The dividend will be the number of cubic inches, and its cube root will be the foot—
437,000/252,458 = 1729·8 cubic inches,
of which the cube root is 12·0042 inches, a length differing by only 1/2400 from the actual Imperial foot.
I took the idea of this hypothesis from that by which Don V. V. Queipo inferred the Beládi cubit to be the double measure of the side of a cubical vessel containing a Ptolemaïc talent of water.
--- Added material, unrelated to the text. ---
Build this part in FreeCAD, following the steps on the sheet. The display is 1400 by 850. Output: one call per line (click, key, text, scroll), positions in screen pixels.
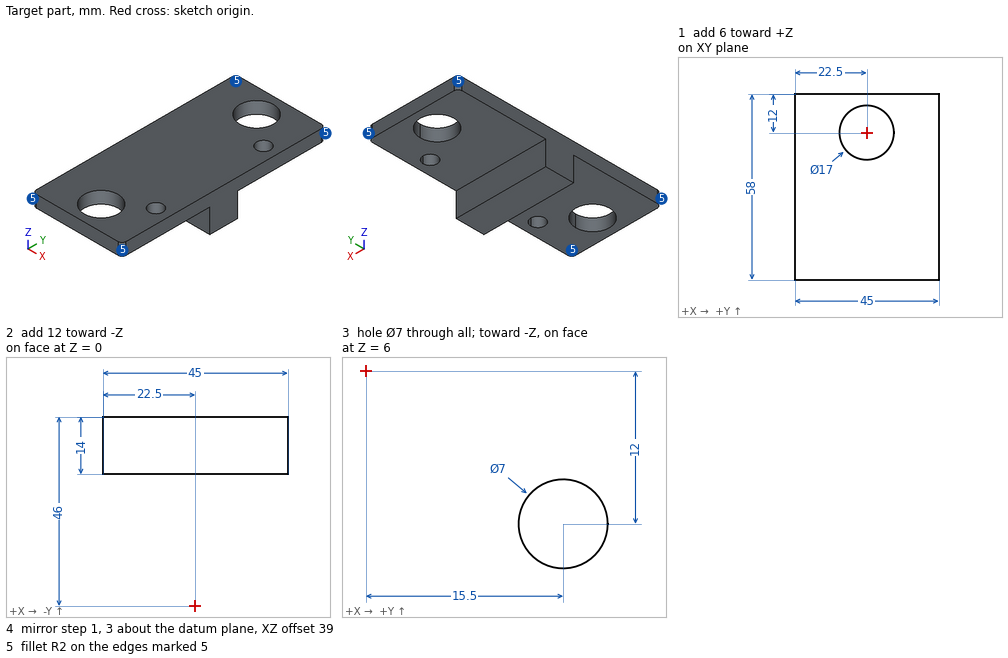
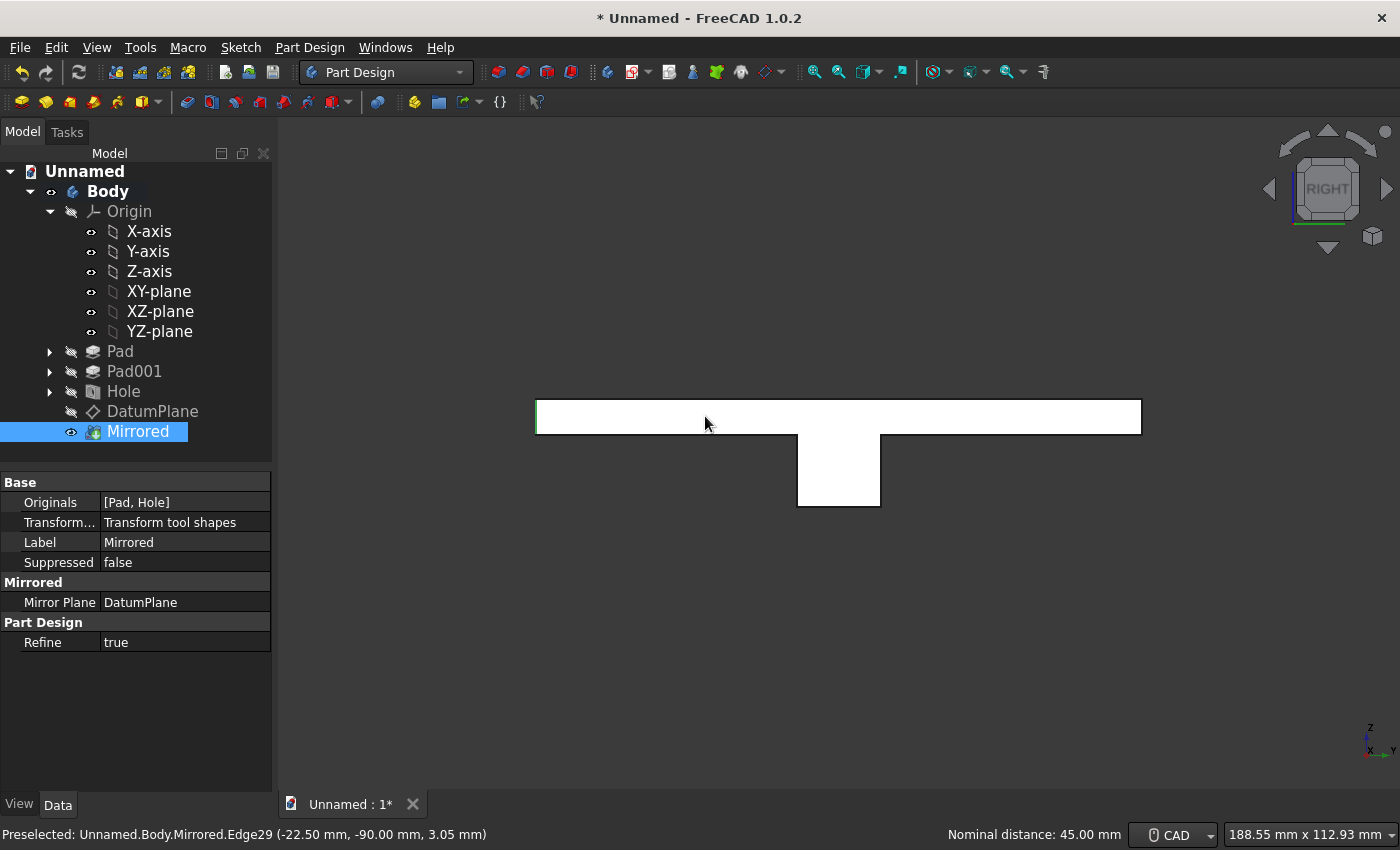
click(1142, 416, ctrl)

Certainly it solves the question of the origin of our foot, and it happens that, applied to the equally obscure origin of the Rhineland foot, the results are equally satisfactory.
2. The Rhineland Foot
Let the same process of involution be applied to the side of a cubical vessel containing 1000 Troy ounces of water.
The standard of Troy weight varied very much, from the Danish value of a little over 481 grains in the ounce, to the French Troy value of 472·13 grains.
The Scots Troy weight, = 476·09 grains to the ounce, is nearly the same as the Amsterdam weight, = 476·68 grains.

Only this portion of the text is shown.